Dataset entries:
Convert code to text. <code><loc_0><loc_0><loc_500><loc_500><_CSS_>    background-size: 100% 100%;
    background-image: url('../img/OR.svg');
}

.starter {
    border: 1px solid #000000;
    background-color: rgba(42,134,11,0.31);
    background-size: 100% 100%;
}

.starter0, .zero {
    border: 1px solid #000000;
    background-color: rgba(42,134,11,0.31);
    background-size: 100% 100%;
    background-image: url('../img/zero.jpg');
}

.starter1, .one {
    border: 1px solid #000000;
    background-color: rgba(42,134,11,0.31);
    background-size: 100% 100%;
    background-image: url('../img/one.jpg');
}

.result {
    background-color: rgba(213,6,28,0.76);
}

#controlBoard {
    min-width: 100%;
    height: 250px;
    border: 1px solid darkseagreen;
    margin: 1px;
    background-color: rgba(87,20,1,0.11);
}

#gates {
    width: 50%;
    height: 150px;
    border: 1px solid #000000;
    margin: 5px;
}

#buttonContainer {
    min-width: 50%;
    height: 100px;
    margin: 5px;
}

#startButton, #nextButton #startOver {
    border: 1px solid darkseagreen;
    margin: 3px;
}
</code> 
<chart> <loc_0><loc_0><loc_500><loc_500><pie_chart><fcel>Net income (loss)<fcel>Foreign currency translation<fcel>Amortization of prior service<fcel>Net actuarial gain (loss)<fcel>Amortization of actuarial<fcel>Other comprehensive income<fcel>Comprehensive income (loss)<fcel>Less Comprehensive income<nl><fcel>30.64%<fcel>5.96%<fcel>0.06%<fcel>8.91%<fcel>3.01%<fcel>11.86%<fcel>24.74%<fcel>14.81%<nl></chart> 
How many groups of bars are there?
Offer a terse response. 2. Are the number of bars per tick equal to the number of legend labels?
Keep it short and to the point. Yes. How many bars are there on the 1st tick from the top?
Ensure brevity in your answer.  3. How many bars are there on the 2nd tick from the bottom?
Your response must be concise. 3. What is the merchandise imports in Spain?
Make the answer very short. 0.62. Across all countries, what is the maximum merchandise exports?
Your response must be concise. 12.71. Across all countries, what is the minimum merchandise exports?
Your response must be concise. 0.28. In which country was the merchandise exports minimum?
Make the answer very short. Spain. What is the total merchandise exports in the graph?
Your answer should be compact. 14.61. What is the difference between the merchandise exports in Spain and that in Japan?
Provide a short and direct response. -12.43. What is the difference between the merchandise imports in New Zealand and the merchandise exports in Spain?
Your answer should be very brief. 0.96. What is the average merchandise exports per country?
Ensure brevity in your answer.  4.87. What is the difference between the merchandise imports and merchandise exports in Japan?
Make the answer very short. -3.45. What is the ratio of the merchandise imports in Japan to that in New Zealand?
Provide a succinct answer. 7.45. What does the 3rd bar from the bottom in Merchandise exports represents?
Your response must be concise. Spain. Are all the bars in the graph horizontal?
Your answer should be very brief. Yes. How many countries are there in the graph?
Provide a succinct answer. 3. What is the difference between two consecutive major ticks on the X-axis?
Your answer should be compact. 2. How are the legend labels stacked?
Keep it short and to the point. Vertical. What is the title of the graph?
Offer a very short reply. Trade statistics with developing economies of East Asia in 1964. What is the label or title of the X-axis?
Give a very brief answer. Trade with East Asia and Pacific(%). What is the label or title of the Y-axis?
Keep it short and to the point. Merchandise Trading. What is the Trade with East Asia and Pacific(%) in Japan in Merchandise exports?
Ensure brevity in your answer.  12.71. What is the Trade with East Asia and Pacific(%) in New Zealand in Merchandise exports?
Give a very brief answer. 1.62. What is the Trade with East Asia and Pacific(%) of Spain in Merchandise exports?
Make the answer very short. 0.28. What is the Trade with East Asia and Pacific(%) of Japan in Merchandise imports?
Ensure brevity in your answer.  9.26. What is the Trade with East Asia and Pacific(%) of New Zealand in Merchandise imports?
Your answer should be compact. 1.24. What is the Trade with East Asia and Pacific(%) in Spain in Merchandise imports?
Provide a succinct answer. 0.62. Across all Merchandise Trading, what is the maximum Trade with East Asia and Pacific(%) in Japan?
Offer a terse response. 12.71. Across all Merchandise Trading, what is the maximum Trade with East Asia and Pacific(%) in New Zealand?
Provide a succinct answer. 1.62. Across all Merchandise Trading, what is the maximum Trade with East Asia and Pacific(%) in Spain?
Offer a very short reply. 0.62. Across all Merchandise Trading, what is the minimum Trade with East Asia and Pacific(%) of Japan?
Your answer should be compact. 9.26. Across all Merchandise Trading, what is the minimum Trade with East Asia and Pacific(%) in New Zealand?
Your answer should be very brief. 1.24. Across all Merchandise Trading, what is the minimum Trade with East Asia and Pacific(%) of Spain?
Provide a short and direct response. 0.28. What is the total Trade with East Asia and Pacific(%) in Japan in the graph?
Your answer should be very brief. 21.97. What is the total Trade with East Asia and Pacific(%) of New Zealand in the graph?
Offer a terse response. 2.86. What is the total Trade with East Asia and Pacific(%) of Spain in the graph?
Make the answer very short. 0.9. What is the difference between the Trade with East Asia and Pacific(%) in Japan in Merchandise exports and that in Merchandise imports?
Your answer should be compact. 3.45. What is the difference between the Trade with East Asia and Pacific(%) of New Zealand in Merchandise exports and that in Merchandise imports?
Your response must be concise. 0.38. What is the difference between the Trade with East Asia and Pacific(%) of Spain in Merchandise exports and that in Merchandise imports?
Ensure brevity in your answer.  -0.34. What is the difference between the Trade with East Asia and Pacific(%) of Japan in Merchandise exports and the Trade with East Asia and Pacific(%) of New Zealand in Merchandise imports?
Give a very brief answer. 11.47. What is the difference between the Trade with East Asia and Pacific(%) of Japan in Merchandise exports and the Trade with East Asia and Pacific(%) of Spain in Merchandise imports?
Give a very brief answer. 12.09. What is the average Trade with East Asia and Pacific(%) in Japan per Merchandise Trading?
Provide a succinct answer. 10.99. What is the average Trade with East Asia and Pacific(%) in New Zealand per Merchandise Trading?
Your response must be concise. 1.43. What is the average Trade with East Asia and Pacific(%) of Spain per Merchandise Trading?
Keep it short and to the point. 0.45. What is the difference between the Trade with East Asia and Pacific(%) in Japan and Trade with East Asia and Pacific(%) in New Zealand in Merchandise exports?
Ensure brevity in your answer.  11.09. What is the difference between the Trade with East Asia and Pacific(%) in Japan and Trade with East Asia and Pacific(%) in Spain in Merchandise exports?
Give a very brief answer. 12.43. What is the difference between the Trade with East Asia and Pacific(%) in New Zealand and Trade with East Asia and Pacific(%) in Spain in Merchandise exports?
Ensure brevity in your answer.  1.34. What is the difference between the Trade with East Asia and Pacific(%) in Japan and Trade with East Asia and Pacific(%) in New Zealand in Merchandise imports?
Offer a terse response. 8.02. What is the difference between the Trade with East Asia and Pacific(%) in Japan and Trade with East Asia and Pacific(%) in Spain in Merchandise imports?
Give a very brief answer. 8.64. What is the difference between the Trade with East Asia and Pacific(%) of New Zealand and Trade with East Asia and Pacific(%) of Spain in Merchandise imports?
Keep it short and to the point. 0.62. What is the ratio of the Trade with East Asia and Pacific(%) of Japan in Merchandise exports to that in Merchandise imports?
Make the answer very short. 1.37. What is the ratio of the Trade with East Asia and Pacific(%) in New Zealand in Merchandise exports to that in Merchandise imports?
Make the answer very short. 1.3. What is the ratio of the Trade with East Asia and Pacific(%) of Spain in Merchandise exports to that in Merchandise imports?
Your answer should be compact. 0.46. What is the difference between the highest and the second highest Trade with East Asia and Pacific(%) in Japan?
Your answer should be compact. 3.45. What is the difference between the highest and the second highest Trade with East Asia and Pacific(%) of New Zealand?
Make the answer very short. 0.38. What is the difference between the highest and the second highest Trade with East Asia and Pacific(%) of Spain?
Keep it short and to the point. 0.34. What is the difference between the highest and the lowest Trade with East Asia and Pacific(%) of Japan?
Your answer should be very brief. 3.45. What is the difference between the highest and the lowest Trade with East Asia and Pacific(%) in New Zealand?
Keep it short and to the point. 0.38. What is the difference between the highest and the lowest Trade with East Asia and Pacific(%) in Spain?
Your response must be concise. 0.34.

TASK INSTRUCTIONS =
Where a line of the entries contains the word "legend", copy that line.

OUTPUT OF THE EXERCISE =
Offer a terse response. 2. Are the number of bars per tick equal to the number of legend labels?
Your answer should be compact. 2. How are the legend labels stacked?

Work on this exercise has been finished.